=== Description of the task ===
In the records that follow, locate every line with "degrees" and extract it.

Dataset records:
☆ ☆ ☆ ☆

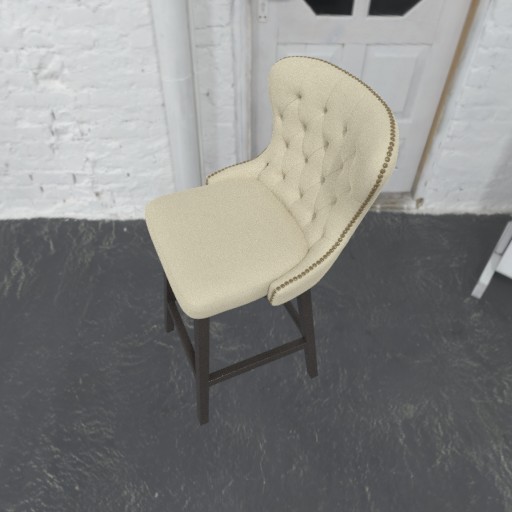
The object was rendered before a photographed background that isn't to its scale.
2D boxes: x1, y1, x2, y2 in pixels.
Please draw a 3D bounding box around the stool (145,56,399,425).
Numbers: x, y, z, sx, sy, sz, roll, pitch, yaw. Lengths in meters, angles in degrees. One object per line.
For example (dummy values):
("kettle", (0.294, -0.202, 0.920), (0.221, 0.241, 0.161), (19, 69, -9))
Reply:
("stool", (0.000, 0.000, 1.331), (0.593, 0.971, 0.528), (-18, 49, -16))
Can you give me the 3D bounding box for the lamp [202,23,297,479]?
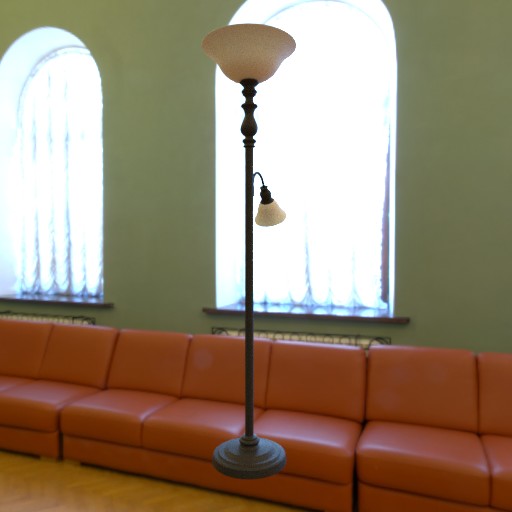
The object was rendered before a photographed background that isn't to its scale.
[{"bbox_3d":[0.000,0.000,2.000,0.405,1.793,0.588,0,1,18],"label":"lamp"}]
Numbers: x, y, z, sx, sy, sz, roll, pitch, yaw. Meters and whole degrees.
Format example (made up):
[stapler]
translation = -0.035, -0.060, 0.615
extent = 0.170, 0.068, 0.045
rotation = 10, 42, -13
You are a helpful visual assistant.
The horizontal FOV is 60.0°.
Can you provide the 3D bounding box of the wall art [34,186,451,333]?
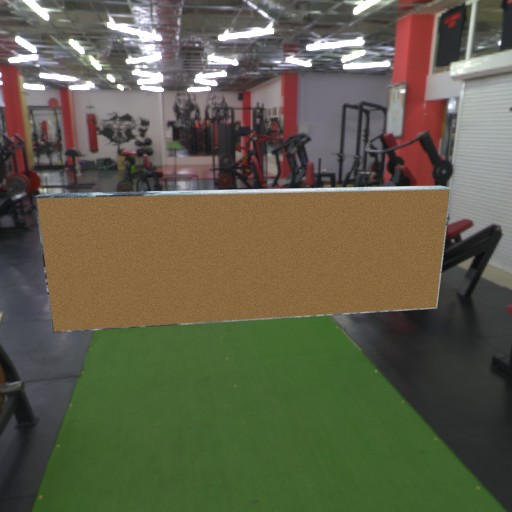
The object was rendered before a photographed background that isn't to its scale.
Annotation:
[wall art]
translation = 0.000, 0.000, 0.851
extent = 0.759, 0.251, 0.037
rotation = -2, 16, -9
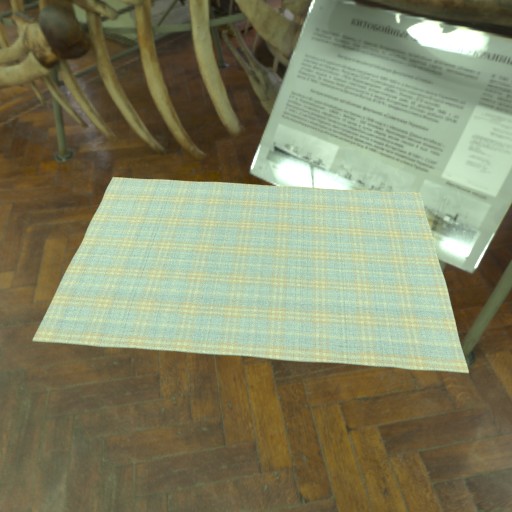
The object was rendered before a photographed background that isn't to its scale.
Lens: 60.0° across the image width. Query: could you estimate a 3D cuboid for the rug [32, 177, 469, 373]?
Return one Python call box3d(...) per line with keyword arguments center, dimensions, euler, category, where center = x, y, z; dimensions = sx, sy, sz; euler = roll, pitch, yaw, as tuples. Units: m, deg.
box3d(center=(0.000, 0.000, 2.996), dimensions=(2.460, 0.016, 1.545), euler=(3, 47, 3), category="rug")
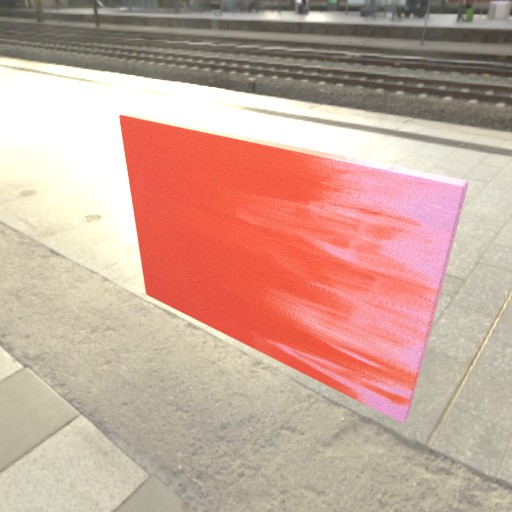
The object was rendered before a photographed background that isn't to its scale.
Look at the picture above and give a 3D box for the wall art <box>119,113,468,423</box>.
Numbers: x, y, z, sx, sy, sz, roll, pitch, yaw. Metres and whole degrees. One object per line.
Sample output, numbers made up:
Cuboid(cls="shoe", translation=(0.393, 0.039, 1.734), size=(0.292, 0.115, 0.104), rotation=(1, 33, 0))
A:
Cuboid(cls="wall art", translation=(0.000, 0.000, 1.160), size=(0.913, 0.609, 0.040), rotation=(20, 36, 30))
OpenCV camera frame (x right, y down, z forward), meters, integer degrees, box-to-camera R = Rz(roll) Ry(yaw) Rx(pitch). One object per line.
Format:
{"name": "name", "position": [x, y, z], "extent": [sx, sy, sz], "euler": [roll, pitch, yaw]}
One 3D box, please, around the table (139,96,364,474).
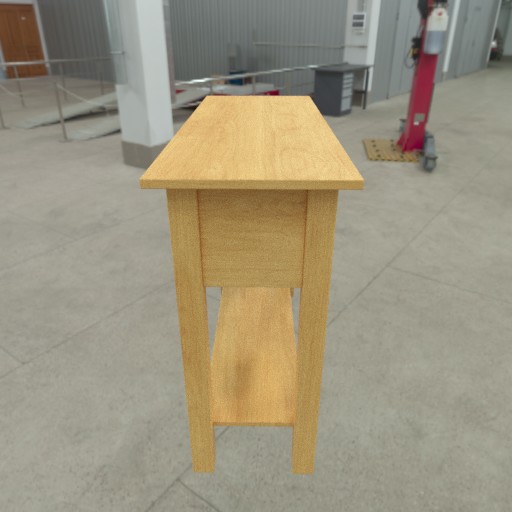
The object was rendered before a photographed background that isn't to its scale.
{"name": "table", "position": [0.000, 0.000, 1.233], "extent": [0.340, 0.728, 0.900], "euler": [0, 27, 1]}
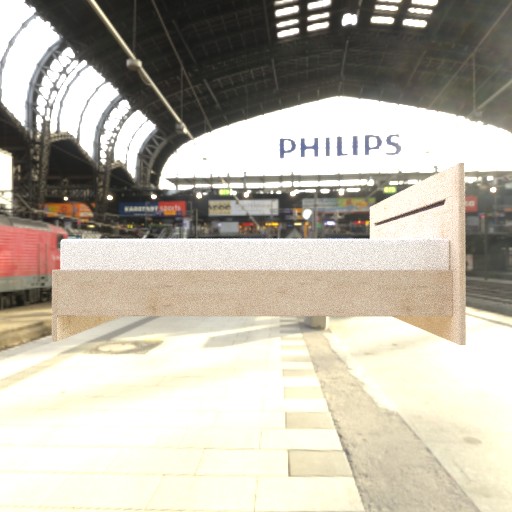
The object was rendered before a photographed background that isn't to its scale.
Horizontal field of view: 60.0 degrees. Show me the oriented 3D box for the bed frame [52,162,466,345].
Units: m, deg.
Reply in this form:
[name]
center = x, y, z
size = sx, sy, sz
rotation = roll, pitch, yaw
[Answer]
[bed frame]
center = 0.000, 0.000, 3.088
size = 2.080, 0.900, 1.800
rotation = 0, -1, 1

☆ ☆ ☆ ☆

=== Result of this task ===
Numbers: x, y, z, sx, sy, sz, roll, pitch, yaw. Lengths in meters, angles in degrees. One object per line.
Numbers: x, y, z, sx, sy, sz, roll, pitch, yaw. Meters and whole degrees.
Numbers: x, y, z, sx, sy, sz, roll, pitch, yaw. Metres and whole degrees. One object per line.
OpenCV camera frame (x right, y down, z forward), meters, integer degrees, box-to-camera R = Rz(roll) Ry(yaw) Rx(pitch). One object per line.
Horizontal field of view: 60.0 degrees. Show me the oriented 3D box for the bed frame [52,162,466,345].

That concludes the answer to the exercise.